Extracted records
####################

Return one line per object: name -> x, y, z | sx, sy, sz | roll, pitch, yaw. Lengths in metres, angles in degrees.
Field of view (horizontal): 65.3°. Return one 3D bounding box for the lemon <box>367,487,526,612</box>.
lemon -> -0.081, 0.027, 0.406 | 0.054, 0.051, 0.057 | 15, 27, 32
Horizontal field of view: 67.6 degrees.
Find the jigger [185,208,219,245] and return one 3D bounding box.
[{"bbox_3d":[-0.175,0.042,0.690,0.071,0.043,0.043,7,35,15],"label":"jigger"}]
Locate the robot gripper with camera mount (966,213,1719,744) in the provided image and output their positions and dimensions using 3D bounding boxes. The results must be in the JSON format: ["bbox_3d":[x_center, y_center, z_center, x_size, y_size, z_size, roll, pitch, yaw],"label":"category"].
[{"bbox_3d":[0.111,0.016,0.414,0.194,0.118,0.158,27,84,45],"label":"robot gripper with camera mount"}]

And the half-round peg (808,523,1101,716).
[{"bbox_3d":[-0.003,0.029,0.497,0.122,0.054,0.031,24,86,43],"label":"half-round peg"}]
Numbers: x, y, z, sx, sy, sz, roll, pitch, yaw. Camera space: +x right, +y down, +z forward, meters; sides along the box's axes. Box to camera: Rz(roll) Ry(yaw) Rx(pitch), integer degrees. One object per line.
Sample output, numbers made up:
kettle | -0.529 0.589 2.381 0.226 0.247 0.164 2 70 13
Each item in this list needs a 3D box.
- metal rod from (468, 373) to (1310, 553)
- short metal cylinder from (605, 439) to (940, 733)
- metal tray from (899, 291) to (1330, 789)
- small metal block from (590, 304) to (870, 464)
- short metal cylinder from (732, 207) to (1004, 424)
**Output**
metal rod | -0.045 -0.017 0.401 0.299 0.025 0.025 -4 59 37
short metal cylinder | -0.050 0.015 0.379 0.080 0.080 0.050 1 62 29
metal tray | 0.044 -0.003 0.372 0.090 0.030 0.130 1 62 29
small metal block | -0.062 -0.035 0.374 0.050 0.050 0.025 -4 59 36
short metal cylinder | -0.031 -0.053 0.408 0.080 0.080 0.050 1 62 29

####################

→ **Task requirements**
Copy every line above once more, precisely as it reads.

→ **Response to this exercise**
Return one line per object: name -> x, y, z | sx, sy, sz | roll, pitch, yaw. Lengths in metres, angles in degrees.
Field of view (horizontal): 65.3°. Return one 3D bounding box for the lemon <box>367,487,526,612</box>.
lemon -> -0.081, 0.027, 0.406 | 0.054, 0.051, 0.057 | 15, 27, 32
Horizontal field of view: 67.6 degrees.
Find the jigger [185,208,219,245] and return one 3D bounding box.
[{"bbox_3d":[-0.175,0.042,0.690,0.071,0.043,0.043,7,35,15],"label":"jigger"}]
Locate the robot gripper with camera mount (966,213,1719,744) in the provided image and output their positions and dimensions using 3D bounding boxes. The results must be in the JSON format: ["bbox_3d":[x_center, y_center, z_center, x_size, y_size, z_size, roll, pitch, yaw],"label":"category"].
[{"bbox_3d":[0.111,0.016,0.414,0.194,0.118,0.158,27,84,45],"label":"robot gripper with camera mount"}]

And the half-round peg (808,523,1101,716).
[{"bbox_3d":[-0.003,0.029,0.497,0.122,0.054,0.031,24,86,43],"label":"half-round peg"}]
Numbers: x, y, z, sx, sy, sz, roll, pitch, yaw. Camera space: +x right, +y down, +z forward, meters; sides along the box's axes. Box to camera: Rz(roll) Ry(yaw) Rx(pitch), integer degrees. One object per line.
Sample output, numbers made up:
kettle | -0.529 0.589 2.381 0.226 0.247 0.164 2 70 13
Each item in this list needs a 3D box.
- metal rod from (468, 373) to (1310, 553)
- short metal cylinder from (605, 439) to (940, 733)
- metal tray from (899, 291) to (1330, 789)
- small metal block from (590, 304) to (870, 464)
- short metal cylinder from (732, 207) to (1004, 424)
**Output**
metal rod | -0.045 -0.017 0.401 0.299 0.025 0.025 -4 59 37
short metal cylinder | -0.050 0.015 0.379 0.080 0.080 0.050 1 62 29
metal tray | 0.044 -0.003 0.372 0.090 0.030 0.130 1 62 29
small metal block | -0.062 -0.035 0.374 0.050 0.050 0.025 -4 59 36
short metal cylinder | -0.031 -0.053 0.408 0.080 0.080 0.050 1 62 29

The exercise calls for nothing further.